◆ Action item
Every line below between the line holding "plastic crate <box>1723,118,1770,142</box>" and the line holding "plastic bottle <box>1861,259,1874,287</box>", inclusive, should be repeated exactly, and all other lines omitted.

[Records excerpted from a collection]
= = = = = = =

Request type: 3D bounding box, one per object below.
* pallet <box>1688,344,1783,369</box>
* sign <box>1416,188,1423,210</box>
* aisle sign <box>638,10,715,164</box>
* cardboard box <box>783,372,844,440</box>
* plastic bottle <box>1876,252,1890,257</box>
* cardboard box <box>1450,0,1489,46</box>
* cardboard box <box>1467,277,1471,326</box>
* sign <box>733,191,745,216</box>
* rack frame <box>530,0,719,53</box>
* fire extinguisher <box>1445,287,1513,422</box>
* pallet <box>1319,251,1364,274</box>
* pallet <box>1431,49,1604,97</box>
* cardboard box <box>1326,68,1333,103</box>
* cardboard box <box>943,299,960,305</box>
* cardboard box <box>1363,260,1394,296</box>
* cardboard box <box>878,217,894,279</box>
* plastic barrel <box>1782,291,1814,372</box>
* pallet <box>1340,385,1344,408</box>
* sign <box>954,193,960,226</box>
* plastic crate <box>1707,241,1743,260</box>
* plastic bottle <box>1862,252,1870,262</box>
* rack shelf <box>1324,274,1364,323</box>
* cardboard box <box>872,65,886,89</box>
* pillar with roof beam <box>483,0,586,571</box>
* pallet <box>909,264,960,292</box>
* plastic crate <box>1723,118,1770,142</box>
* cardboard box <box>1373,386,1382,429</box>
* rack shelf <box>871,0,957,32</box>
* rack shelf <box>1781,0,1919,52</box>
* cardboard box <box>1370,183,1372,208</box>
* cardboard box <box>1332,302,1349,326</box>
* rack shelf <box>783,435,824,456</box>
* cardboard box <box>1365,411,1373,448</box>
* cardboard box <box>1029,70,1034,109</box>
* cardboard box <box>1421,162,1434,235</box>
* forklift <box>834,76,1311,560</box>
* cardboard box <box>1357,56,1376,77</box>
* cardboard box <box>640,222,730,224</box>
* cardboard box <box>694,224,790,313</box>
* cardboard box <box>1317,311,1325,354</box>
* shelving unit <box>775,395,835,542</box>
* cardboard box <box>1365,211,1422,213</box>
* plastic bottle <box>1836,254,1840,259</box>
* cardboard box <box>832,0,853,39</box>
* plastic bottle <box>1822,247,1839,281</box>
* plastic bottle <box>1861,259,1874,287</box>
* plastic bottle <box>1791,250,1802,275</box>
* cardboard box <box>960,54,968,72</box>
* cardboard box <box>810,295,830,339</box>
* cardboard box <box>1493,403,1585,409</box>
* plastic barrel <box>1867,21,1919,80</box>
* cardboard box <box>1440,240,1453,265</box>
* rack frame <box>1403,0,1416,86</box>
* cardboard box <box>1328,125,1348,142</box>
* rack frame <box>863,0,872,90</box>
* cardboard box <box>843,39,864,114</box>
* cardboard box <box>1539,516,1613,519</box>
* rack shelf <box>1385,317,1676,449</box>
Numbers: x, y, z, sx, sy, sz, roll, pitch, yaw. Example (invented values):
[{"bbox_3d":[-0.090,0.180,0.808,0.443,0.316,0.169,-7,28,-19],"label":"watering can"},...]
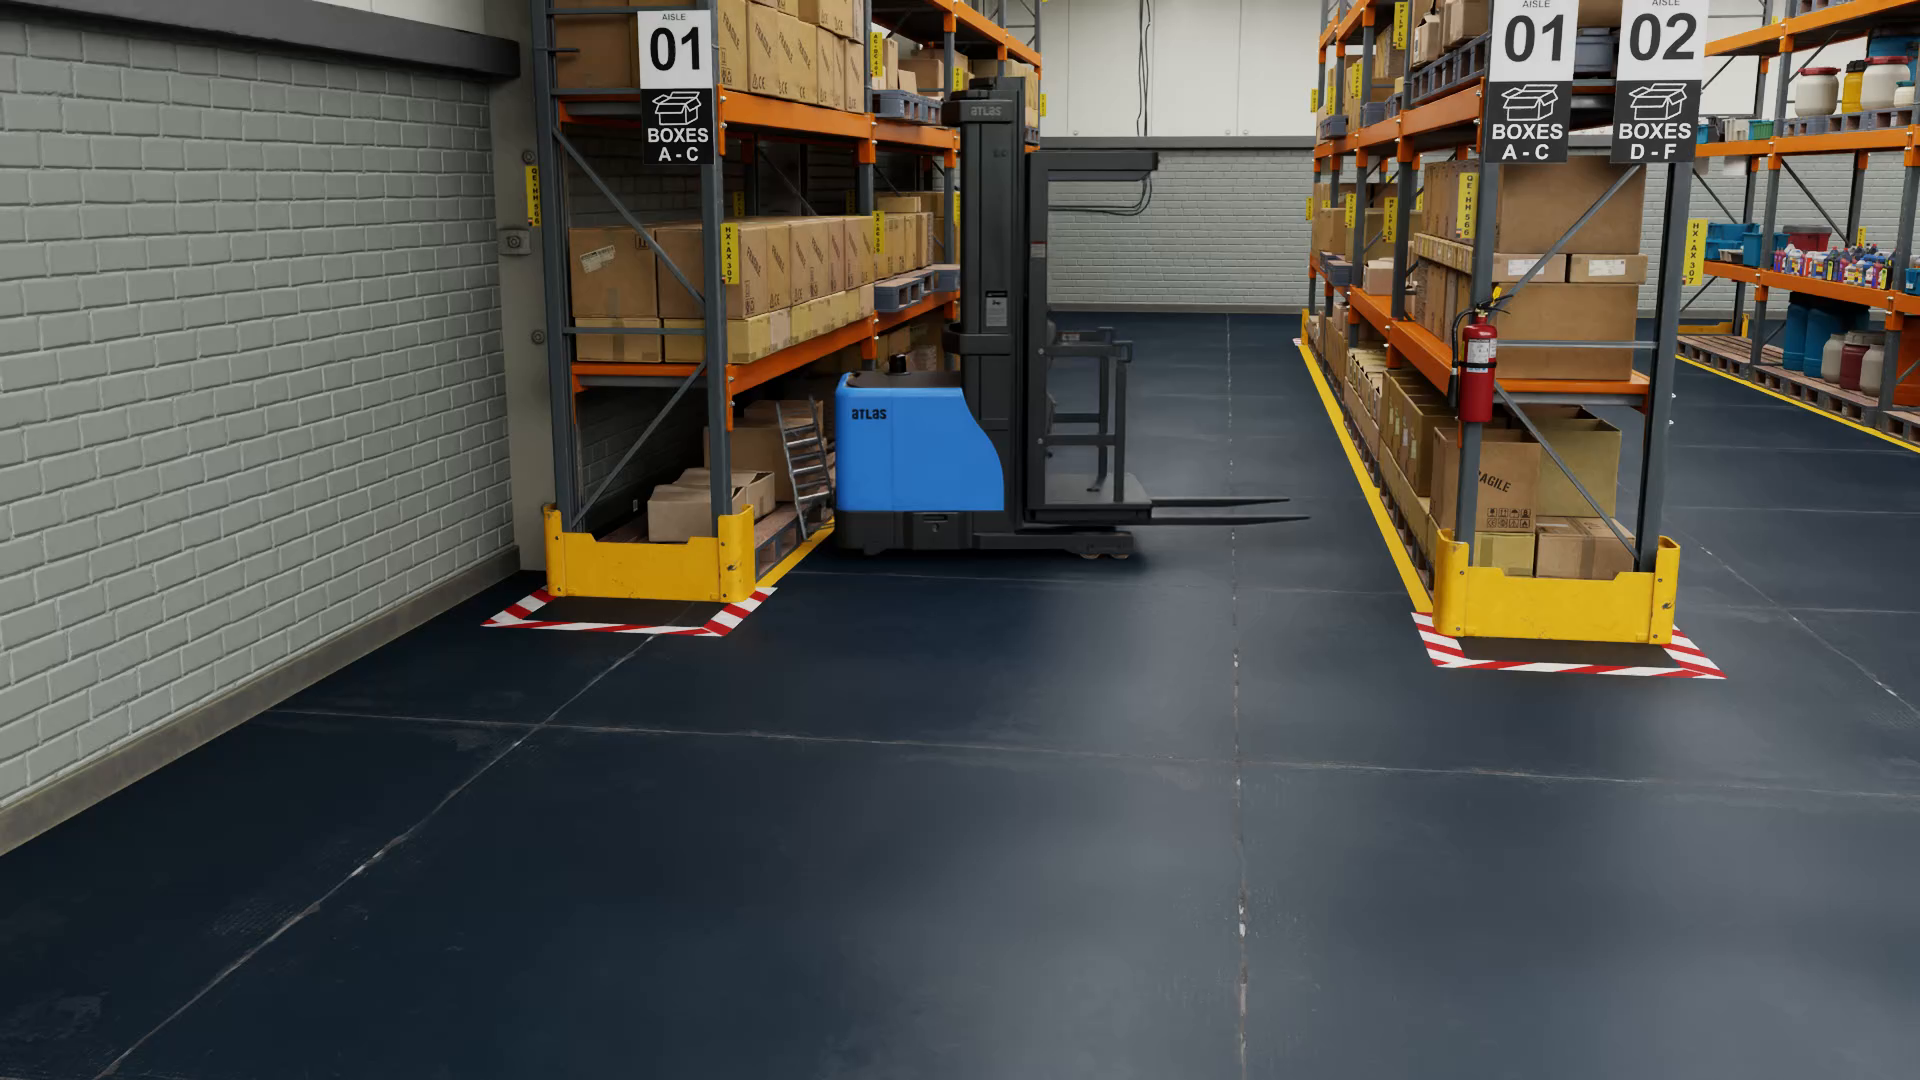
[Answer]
[{"bbox_3d":[10.105,-2.372,21.500,1.003,0.211,1.213,2,12,9],"label":"pallet"},{"bbox_3d":[5.500,-4.036,19.855,0.100,0.325,0.005,2,12,9],"label":"sign"},{"bbox_3d":[-1.504,-2.396,8.818,0.394,0.787,0.004,2,12,9],"label":"aisle sign"},{"bbox_3d":[-1.078,-1.129,14.001,0.700,0.500,0.500,2,12,11],"label":"cardboard box"},{"bbox_3d":[9.950,-2.964,17.922,0.152,0.276,0.135,2,12,9],"label":"plastic bottle"},{"bbox_3d":[3.022,-2.905,9.258,0.500,0.250,0.500,2,12,9],"label":"cardboard box"},{"bbox_3d":[3.266,-1.245,9.412,0.700,0.500,0.500,2,12,10],"label":"cardboard box"},{"bbox_3d":[-1.723,-2.565,13.028,0.100,0.325,0.005,2,12,9],"label":"sign"},{"bbox_3d":[-1.789,-4.082,8.575,1.000,3.000,0.127,2,12,9],"label":"rack frame"},{"bbox_3d":[2.629,-0.942,8.429,0.296,0.674,0.183,2,12,9],"label":"fire extinguisher"},{"bbox_3d":[4.721,-3.231,19.321,1.003,0.211,1.213,2,12,9],"label":"pallet"},{"bbox_3d":[3.425,-2.814,10.020,1.003,0.211,1.213,2,12,9],"label":"pallet"},{"bbox_3d":[5.343,-6.116,22.520,0.700,0.500,0.500,2,12,9],"label":"cardboard box"},{"bbox_3d":[-0.175,-2.300,18.652,0.750,0.750,0.750,2,12,8],"label":"cardboard box"},{"bbox_3d":[4.007,-2.432,15.368,0.500,0.311,0.500,2,12,8],"label":"cardboard box"},{"bbox_3d":[-0.969,-2.467,14.039,0.700,0.500,0.500,3,13,14],"label":"cardboard box"},{"bbox_3d":[9.745,-2.393,18.962,0.600,0.901,0.708,2,12,9],"label":"plastic barrel"},{"bbox_3d":[4.488,-1.446,17.202,1.003,0.211,1.213,2,12,9],"label":"pallet"},{"bbox_3d":[-0.021,-3.326,16.748,0.100,0.325,0.005,2,12,9],"label":"sign"},{"bbox_3d":[9.849,-3.729,21.433,0.416,0.233,0.300,2,12,9],"label":"plastic crate"},{"bbox_3d":[9.844,-2.990,18.053,0.097,0.271,0.097,0,12,0],"label":"plastic bottle"},{"bbox_3d":[4.644,-2.720,18.201,1.077,0.370,4.000,2,12,9],"label":"rack shelf"},{"bbox_3d":[-0.916,-3.850,13.830,0.500,0.311,0.500,2,12,10],"label":"cardboard box"},{"bbox_3d":[1.717,-4.116,8.734,9.100,9.000,0.400,2,12,9],"label":"pillar with roof beam"},{"bbox_3d":[-0.563,-2.569,16.250,1.213,0.211,1.003,2,12,9],"label":"pallet"},{"bbox_3d":[9.815,-5.116,20.774,0.437,0.282,0.530,2,12,9],"label":"plastic crate"},{"bbox_3d":[3.500,-1.051,12.950,0.500,0.311,0.500,2,12,9],"label":"cardboard box"},{"bbox_3d":[-0.867,-4.784,14.488,1.077,0.370,4.000,2,12,9],"label":"rack shelf"},{"bbox_3d":[9.538,-5.296,16.862,1.077,0.370,4.000,2,12,9],"label":"rack shelf"},{"bbox_3d":[5.381,-4.222,20.852,0.500,0.500,0.500,1,12,7],"label":"cardboard box"},{"bbox_3d":[4.482,-2.546,18.798,0.500,0.250,0.500,2,12,9],"label":"cardboard box"},{"bbox_3d":[-1.012,-0.602,10.763,0.258,0.077,0.200,-12,-4,-4],"label":"rack shelf"},{"bbox_3d":[3.578,-0.884,13.507,0.500,0.250,0.500,2,12,8],"label":"cardboard box"},{"bbox_3d":[0.741,-6.229,22.998,0.500,0.500,0.500,2,12,10],"label":"cardboard box"},{"bbox_3d":[3.659,-2.413,11.752,0.700,0.500,0.500,2,12,9],"label":"cardboard box"},{"bbox_3d":[0.717,-1.422,10.634,3.031,2.935,1.130,0,12,-1],"label":"forklift"},{"bbox_3d":[4.599,-4.877,17.911,0.600,0.600,0.600,1,12,6],"label":"cardboard box"},{"bbox_3d":[-1.765,-1.770,10.613,0.500,0.500,0.500,2,12,7],"label":"cardboard box"},{"bbox_3d":[-1.333,-1.645,10.033,0.500,0.500,0.500,2,12,9],"label":"cardboard box"},{"bbox_3d":[4.759,-2.609,20.867,0.500,0.500,0.500,2,12,9],"label":"cardboard box"},{"bbox_3d":[-0.981,-0.459,10.753,0.258,0.900,0.210,-12,-4,-4],"label":"shelving unit"},{"bbox_3d":[4.651,-3.228,17.618,0.700,0.500,0.500,4,13,19],"label":"cardboard box"},{"bbox_3d":[9.156,-2.837,17.314,0.061,0.283,0.133,2,12,9],"label":"plastic bottle"},{"bbox_3d":[-1.058,-3.768,11.578,0.500,0.500,0.500,3,12,12],"label":"cardboard box"},{"bbox_3d":[9.161,-2.904,17.464,0.144,0.351,0.185,2,12,9],"label":"plastic bottle"},{"bbox_3d":[8.972,-2.641,16.433,0.097,0.271,0.097,0,12,0],"label":"plastic bottle"},{"bbox_3d":[9.296,-3.080,18.471,0.097,0.271,0.097,0,12,0],"label":"plastic bottle"},{"bbox_3d":[-0.209,-5.565,19.516,0.500,0.250,0.500,3,12,13],"label":"cardboard box"},{"bbox_3d":[-1.171,-1.497,11.127,0.500,0.250,0.500,2,12,9],"label":"cardboard box"},{"bbox_3d":[3.641,-0.634,10.565,0.500,0.500,0.500,2,12,9],"label":"cardboard box"},{"bbox_3d":[9.734,-4.883,17.224,0.600,0.901,0.708,2,12,9],"label":"plastic barrel"},{"bbox_3d":[3.254,-1.816,10.523,0.380,0.149,0.250,2,12,8],"label":"cardboard box"},{"bbox_3d":[3.721,-4.755,11.697,1.000,3.000,0.127,2,12,9],"label":"rack frame"},{"bbox_3d":[4.763,-4.991,20.266,0.500,0.250,0.500,2,12,9],"label":"cardboard box"},{"bbox_3d":[-1.174,-4.915,12.438,1.000,3.000,0.127,2,12,9],"label":"rack frame"},{"bbox_3d":[-1.008,-3.393,12.214,0.500,0.500,0.500,2,12,10],"label":"cardboard box"},{"bbox_3d":[3.481,-0.059,9.679,0.500,0.250,0.500,2,12,9],"label":"cardboard box"},{"bbox_3d":[3.413,-1.054,10.473,1.077,0.370,4.000,2,12,9],"label":"rack shelf"}]

= = = = = = =

◆ Expected answer
* plastic crate <box>1723,118,1770,142</box>
* cardboard box <box>1373,386,1382,429</box>
* rack shelf <box>871,0,957,32</box>
* rack shelf <box>1781,0,1919,52</box>
* cardboard box <box>1370,183,1372,208</box>
* cardboard box <box>1332,302,1349,326</box>
* rack shelf <box>783,435,824,456</box>
* cardboard box <box>1365,411,1373,448</box>
* cardboard box <box>1029,70,1034,109</box>
* cardboard box <box>1421,162,1434,235</box>
* forklift <box>834,76,1311,560</box>
* cardboard box <box>1357,56,1376,77</box>
* cardboard box <box>640,222,730,224</box>
* cardboard box <box>694,224,790,313</box>
* cardboard box <box>1317,311,1325,354</box>
* shelving unit <box>775,395,835,542</box>
* cardboard box <box>1365,211,1422,213</box>
* plastic bottle <box>1836,254,1840,259</box>
* cardboard box <box>832,0,853,39</box>
* plastic bottle <box>1822,247,1839,281</box>
* plastic bottle <box>1861,259,1874,287</box>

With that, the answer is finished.